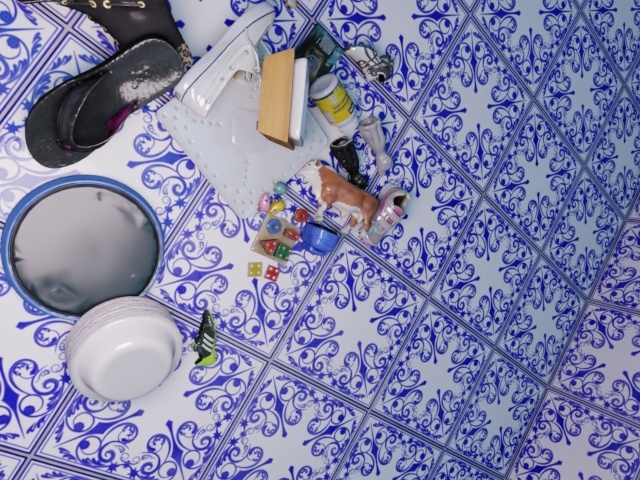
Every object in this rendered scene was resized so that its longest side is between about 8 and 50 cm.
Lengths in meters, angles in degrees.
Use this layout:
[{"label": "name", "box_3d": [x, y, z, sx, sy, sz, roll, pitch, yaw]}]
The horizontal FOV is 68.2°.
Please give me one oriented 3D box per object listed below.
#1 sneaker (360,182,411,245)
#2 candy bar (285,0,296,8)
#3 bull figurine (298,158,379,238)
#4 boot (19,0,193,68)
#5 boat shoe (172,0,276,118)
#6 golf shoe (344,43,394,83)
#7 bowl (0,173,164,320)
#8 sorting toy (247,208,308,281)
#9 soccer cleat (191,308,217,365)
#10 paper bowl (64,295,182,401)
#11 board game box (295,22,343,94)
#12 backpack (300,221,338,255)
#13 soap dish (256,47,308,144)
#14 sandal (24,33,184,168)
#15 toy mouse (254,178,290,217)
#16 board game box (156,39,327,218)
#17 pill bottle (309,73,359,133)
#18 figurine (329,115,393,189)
[{"label": "sneaker", "box_3d": [0.233, -0.092, 1.675, 0.103, 0.111, 0.252, 32, 81, -29]}, {"label": "candy bar", "box_3d": [-0.088, -0.795, 1.442, 0.040, 0.018, 0.161, -1, 98, -26]}, {"label": "bull figurine", "box_3d": [0.058, -0.136, 1.552, 0.310, 0.101, 0.188, 24, 78, -21]}, {"label": "boot", "box_3d": [-0.513, -0.531, 1.136, 0.284, 0.377, 0.138, 70, 19, -53]}, {"label": "boat shoe", "box_3d": [-0.216, -0.470, 1.275, 0.156, 0.136, 0.367, 42, 77, -11]}, {"label": "golf shoe", "box_3d": [0.161, -0.590, 1.583, 0.198, 0.077, 0.094, 12, 92, -30]}, {"label": "bowl", "box_3d": [-0.603, 0.024, 1.232, 0.391, 0.077, 0.391, -4, 99, -29]}, {"label": "sorting toy", "box_3d": [-0.140, 0.006, 1.514, 0.132, 0.046, 0.274, 27, 84, -30]}, {"label": "soccer cleat", "box_3d": [-0.352, 0.297, 1.427, 0.072, 0.060, 0.179, -5, 102, -28]}, {"label": "paper bowl", "box_3d": [-0.506, 0.302, 1.242, 0.284, 0.148, 0.284, -18, 126, -26]}, {"label": "board game box", "box_3d": [-0.020, -0.577, 1.508, 0.126, 0.026, 0.186, 40, 77, -30]}, {"label": "backpack", "box_3d": [0.000, 0.000, 1.550, 0.098, 0.120, 0.101, 18, 88, -31]}, {"label": "soap dish", "box_3d": [-0.098, -0.375, 1.300, 0.118, 0.291, 0.229, 5, 97, 0]}, {"label": "sandal", "box_3d": [-0.520, -0.316, 1.113, 0.446, 0.107, 0.167, -35, 137, 8]}, {"label": "toy mouse", "box_3d": [-0.141, -0.130, 1.443, 0.161, 0.031, 0.143, -39, 152, -28]}, {"label": "board game box", "box_3d": [-0.219, -0.332, 1.416, 0.390, 0.050, 0.390, -45, 117, -17]}, {"label": "pill bottle", "box_3d": [0.051, -0.433, 1.516, 0.103, 0.103, 0.184, -55, 134, -12]}, {"label": "figurine", "box_3d": [0.157, -0.287, 1.628, 0.215, 0.092, 0.209, -39, 123, -20]}]

(Exercise goal):
When copying the entries, drop the images and keep every line exact.

(Written solution):
Every object in this rendered scene was resized so that its longest side is between about 8 and 50 cm.
Lengths in meters, angles in degrees.
Use this layout:
[{"label": "name", "box_3d": [x, y, z, sx, sy, sz, roll, pitch, yaw]}]
The horizontal FOV is 68.2°.
Please give me one oriented 3D box per object listed below.
#1 sneaker (360,182,411,245)
#2 candy bar (285,0,296,8)
#3 bull figurine (298,158,379,238)
#4 boot (19,0,193,68)
#5 boat shoe (172,0,276,118)
#6 golf shoe (344,43,394,83)
#7 bowl (0,173,164,320)
#8 sorting toy (247,208,308,281)
#9 soccer cleat (191,308,217,365)
#10 paper bowl (64,295,182,401)
#11 board game box (295,22,343,94)
#12 backpack (300,221,338,255)
#13 soap dish (256,47,308,144)
#14 sandal (24,33,184,168)
#15 toy mouse (254,178,290,217)
#16 board game box (156,39,327,218)
#17 pill bottle (309,73,359,133)
#18 figurine (329,115,393,189)
[{"label": "sneaker", "box_3d": [0.233, -0.092, 1.675, 0.103, 0.111, 0.252, 32, 81, -29]}, {"label": "candy bar", "box_3d": [-0.088, -0.795, 1.442, 0.040, 0.018, 0.161, -1, 98, -26]}, {"label": "bull figurine", "box_3d": [0.058, -0.136, 1.552, 0.310, 0.101, 0.188, 24, 78, -21]}, {"label": "boot", "box_3d": [-0.513, -0.531, 1.136, 0.284, 0.377, 0.138, 70, 19, -53]}, {"label": "boat shoe", "box_3d": [-0.216, -0.470, 1.275, 0.156, 0.136, 0.367, 42, 77, -11]}, {"label": "golf shoe", "box_3d": [0.161, -0.590, 1.583, 0.198, 0.077, 0.094, 12, 92, -30]}, {"label": "bowl", "box_3d": [-0.603, 0.024, 1.232, 0.391, 0.077, 0.391, -4, 99, -29]}, {"label": "sorting toy", "box_3d": [-0.140, 0.006, 1.514, 0.132, 0.046, 0.274, 27, 84, -30]}, {"label": "soccer cleat", "box_3d": [-0.352, 0.297, 1.427, 0.072, 0.060, 0.179, -5, 102, -28]}, {"label": "paper bowl", "box_3d": [-0.506, 0.302, 1.242, 0.284, 0.148, 0.284, -18, 126, -26]}, {"label": "board game box", "box_3d": [-0.020, -0.577, 1.508, 0.126, 0.026, 0.186, 40, 77, -30]}, {"label": "backpack", "box_3d": [0.000, 0.000, 1.550, 0.098, 0.120, 0.101, 18, 88, -31]}, {"label": "soap dish", "box_3d": [-0.098, -0.375, 1.300, 0.118, 0.291, 0.229, 5, 97, 0]}, {"label": "sandal", "box_3d": [-0.520, -0.316, 1.113, 0.446, 0.107, 0.167, -35, 137, 8]}, {"label": "toy mouse", "box_3d": [-0.141, -0.130, 1.443, 0.161, 0.031, 0.143, -39, 152, -28]}, {"label": "board game box", "box_3d": [-0.219, -0.332, 1.416, 0.390, 0.050, 0.390, -45, 117, -17]}, {"label": "pill bottle", "box_3d": [0.051, -0.433, 1.516, 0.103, 0.103, 0.184, -55, 134, -12]}, {"label": "figurine", "box_3d": [0.157, -0.287, 1.628, 0.215, 0.092, 0.209, -39, 123, -20]}]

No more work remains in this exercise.